Records drawn from a dataset:
___

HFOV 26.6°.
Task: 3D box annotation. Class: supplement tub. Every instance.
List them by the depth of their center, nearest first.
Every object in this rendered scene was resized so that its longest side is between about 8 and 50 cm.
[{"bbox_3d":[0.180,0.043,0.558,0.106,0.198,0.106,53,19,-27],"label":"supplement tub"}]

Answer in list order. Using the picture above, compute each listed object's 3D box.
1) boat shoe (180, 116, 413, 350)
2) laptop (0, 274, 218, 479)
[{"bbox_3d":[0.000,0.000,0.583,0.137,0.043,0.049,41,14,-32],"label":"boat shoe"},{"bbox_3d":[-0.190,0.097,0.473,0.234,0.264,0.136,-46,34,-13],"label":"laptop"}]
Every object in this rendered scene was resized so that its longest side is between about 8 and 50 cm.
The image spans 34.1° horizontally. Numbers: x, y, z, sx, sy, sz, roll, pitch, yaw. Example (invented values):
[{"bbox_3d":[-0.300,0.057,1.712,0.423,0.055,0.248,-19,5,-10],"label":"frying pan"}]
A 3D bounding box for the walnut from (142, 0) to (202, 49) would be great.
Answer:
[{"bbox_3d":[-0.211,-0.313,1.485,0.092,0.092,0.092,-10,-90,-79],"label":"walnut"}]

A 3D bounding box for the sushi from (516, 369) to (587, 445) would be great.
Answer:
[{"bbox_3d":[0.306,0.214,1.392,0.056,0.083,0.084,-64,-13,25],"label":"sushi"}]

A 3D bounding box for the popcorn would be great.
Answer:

___

## What needs to be done
Among the lines of the preceding data, which ones hold the word "would"? List them.

## Solution for this task
A 3D bounding box for the walnut from (142, 0) to (202, 49) would be great.
A 3D bounding box for the sushi from (516, 369) to (587, 445) would be great.
A 3D bounding box for the popcorn would be great.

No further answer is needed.